On Sun, 2009-07-05 at 01:20 +0200, Sandor Geller wrote:
Hi,
When lsof shows something as (deleted) that doesn't mean that the app which keeps the fd open knows that the file/socket/whatever has been deleted, quite the contrary. If the app which listens on the socket is still running then nothing happens, syslog-ng forwards the logs and the app receives them. If the listening app exits then syslog-ng detects it and gives messages like this:
EOF occurred while idle; fd='17' Connection broken; time_reopen='120'
So my guess is that you simply deleted/recreated the socket, but didn't terminate the listener.

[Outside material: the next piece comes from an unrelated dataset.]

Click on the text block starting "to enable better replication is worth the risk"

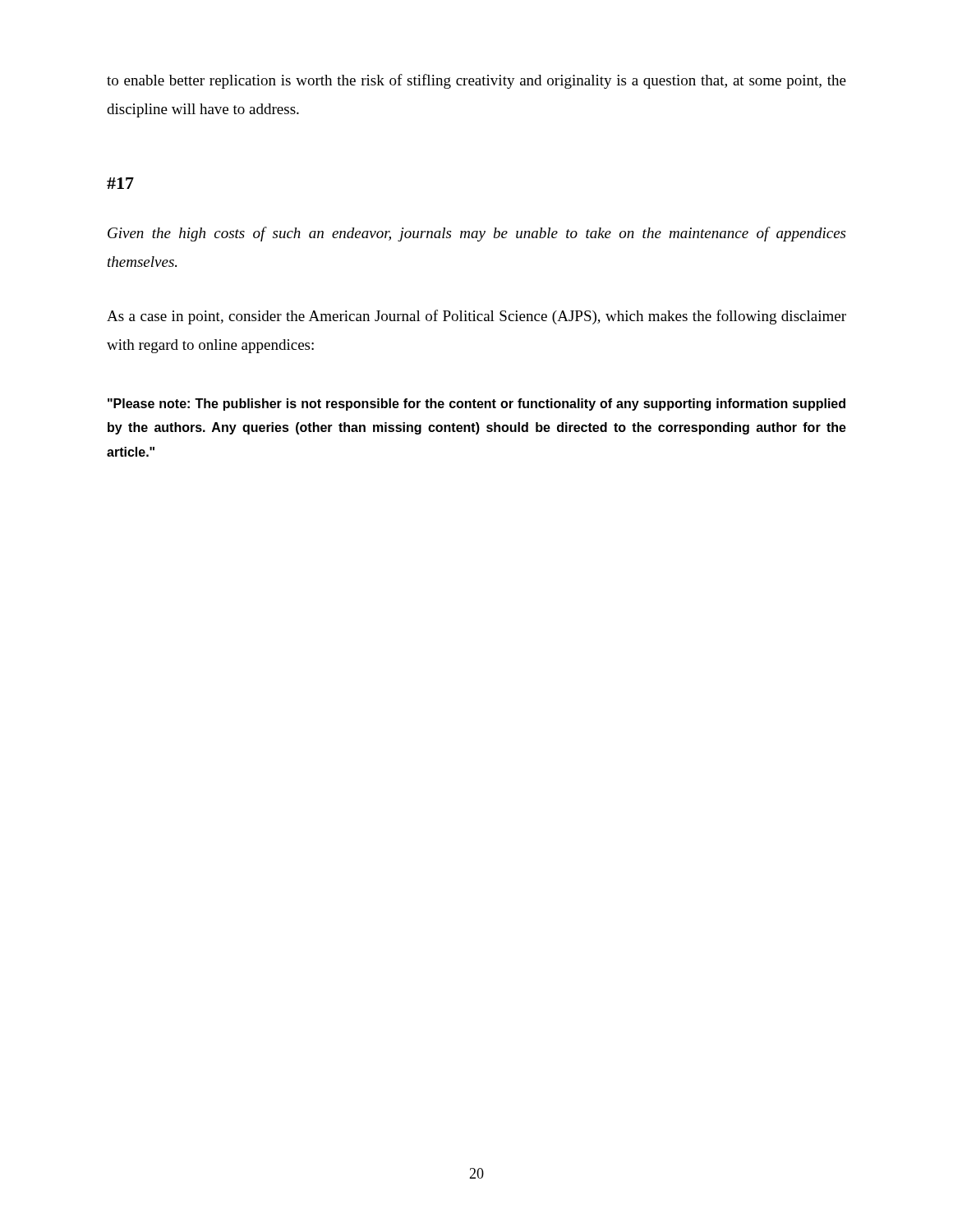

Ah, I've just realised that your app isn't listening on a socket at all. You're using a named pipe instead. This makes things somewhat more complicated because pipes are handled/backed up by the kernel. Syslog-ng opens pipes in RW mode, so on linux it can read/write to pipes even when there is nothing writing/reading on the other end. The kernel sends SIGPIPE in this case but syslog-ng ignores SIGPIPE. This means that syslog-ng doesn't detect problems with pipes.
The assumption that syslog-ng uses regarding named pipes is as follows: 1) the named pipe can be created either by syslog-ng, or the application reading it 2) the named pipe exists continously, e.g. it does not get created 3) it does not matter if the reader gets stopped, the contents of the named pipe remain in kernel memory (until the reader is restarted) 4) if the pipe buffer becomes full in the kernel, syslog-ng will either enable flow-control or start dropping messages. So the basic model is that you create the named pipe once, and your application never removes it, it just opens it in O_RDONLY mode. Recent versions of syslog-ng (in 3.0) can even create named pipes on their own without having to do that before starting syslog-ng.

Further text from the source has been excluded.